Break Dancing In The Senate Judiciary Hearing Room

There hasn’t been any break dancing in the Senate Judiciary Committee hearing room just yet, but there are a few juicy nuggets we can pull out of what has transpired. The first is something other nominees before her have brought up in past hearings: whether cases argued for clients is a reflection of their own personal legal opinion. Kagan spent many years practicing law for the government, and during that time, had to defend and prosecute cases that were assigned to her. In the hearing today, Kagan said that she did not always argue on behalf of the cause that she personally agreed with. Instead, it was just a business transaction.

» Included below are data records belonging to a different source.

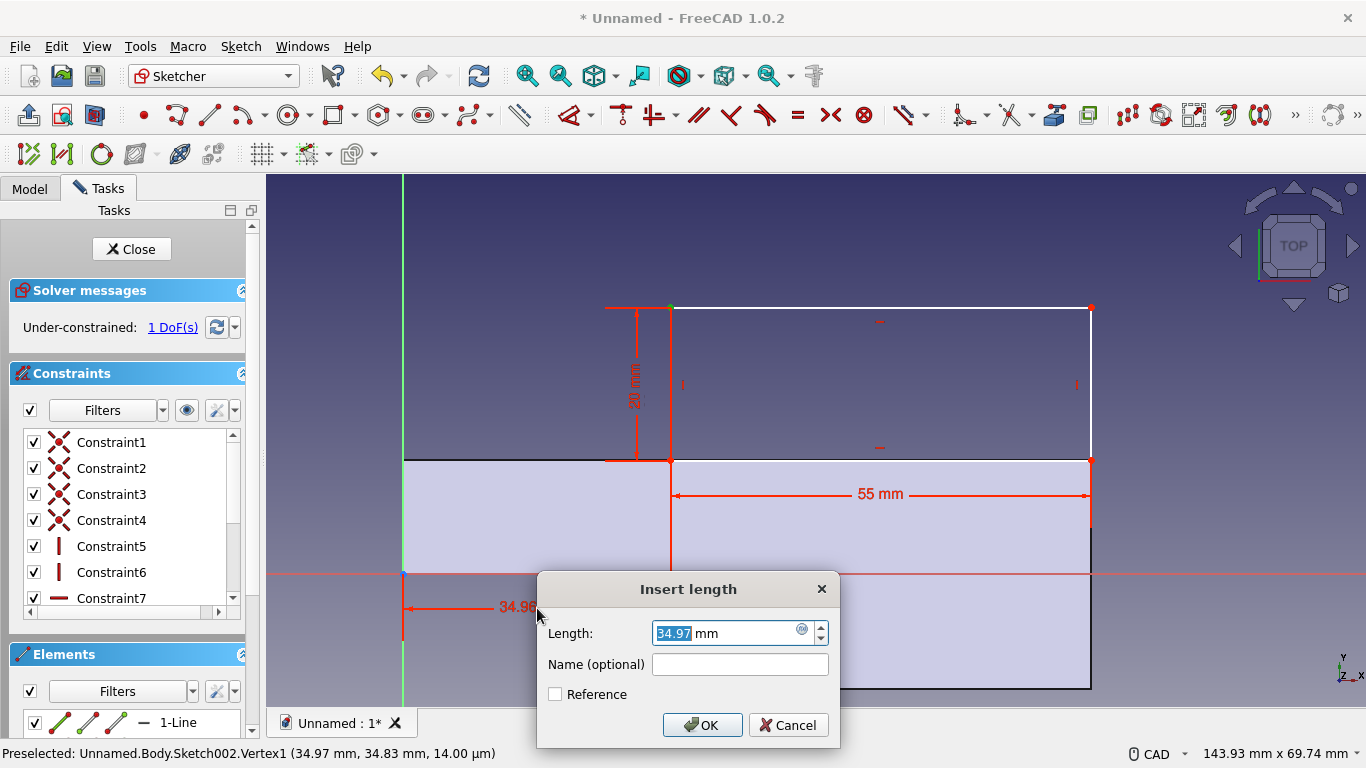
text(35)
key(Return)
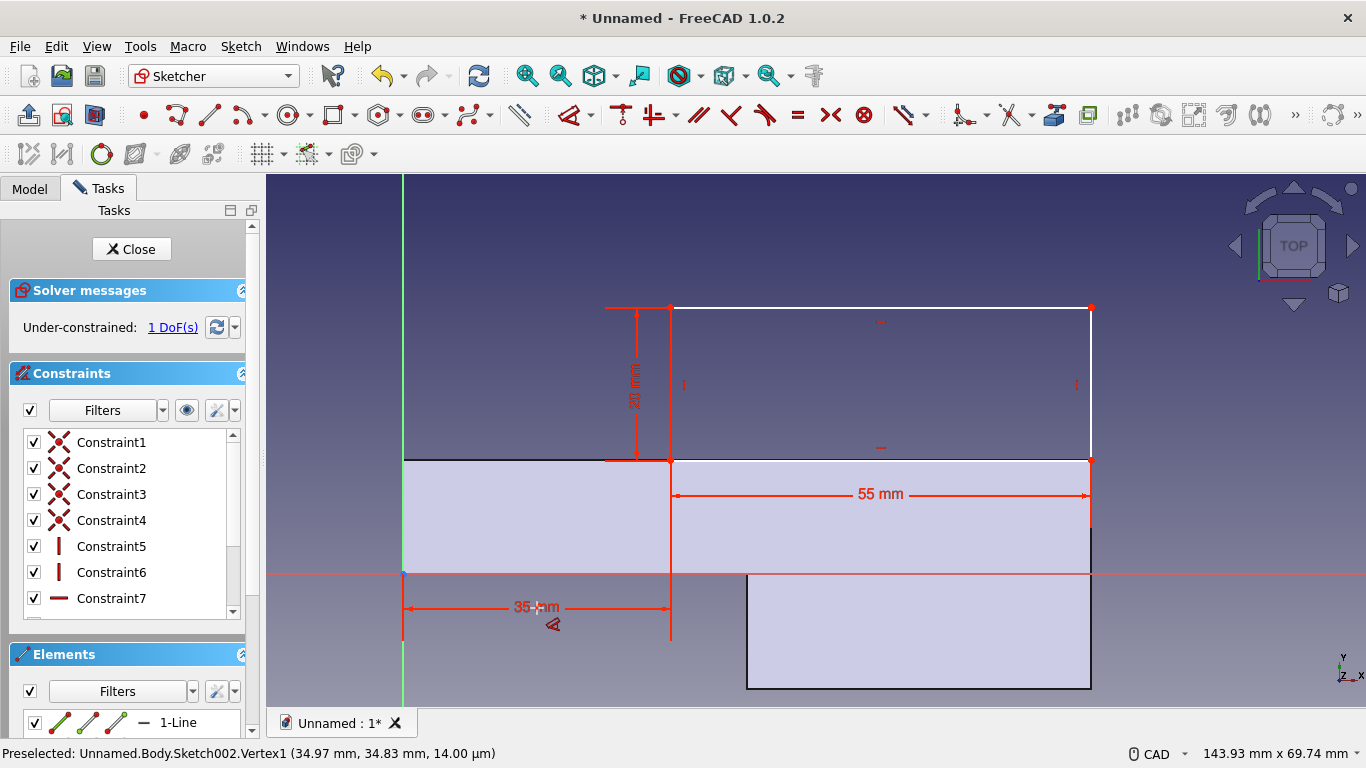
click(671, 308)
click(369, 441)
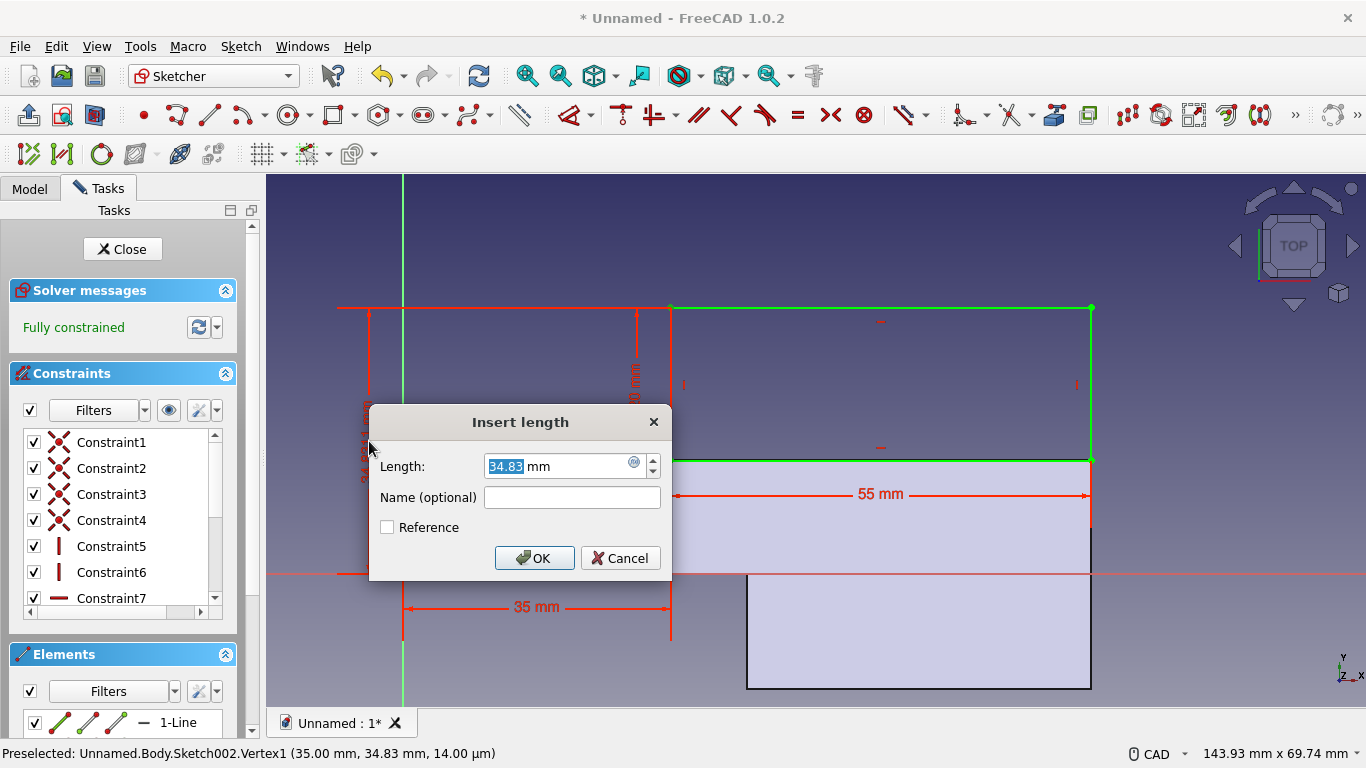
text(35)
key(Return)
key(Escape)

The juicy part comes when Senators start questioning her about what sides of the cases she would’ve taken if given the chance. Then, of course, she will avoid giving an actual answer as to what she personally agreed with - something she has already done a little bit already. As Ilya points out, that's a wise strategy in terms of raw self-interest. Kagan is responding to questions by referencing to existing precedent rather than speaking about her own personal opinion. The American people won't have any concrete knowledge of her most important legal opinions, and there won't be any hiccups on her way to a smooth SCOTUS confirmation.

Another juicy part came when Sen. Sessions hit hard on Kagan’s stance on DADT, emphasizing that Kagan’s treatment of military recruiters was soley based on her attitude towards gay rights. Kagan insisted she had the utmost "honor" for the military -- direct quote -- but its would seem that she honored gay rights more than the rights of our nation's soldiers.


Lastly, Kagan said that she would be for cameras in the courtroom. Get ready for even more live coverage of legal complexities!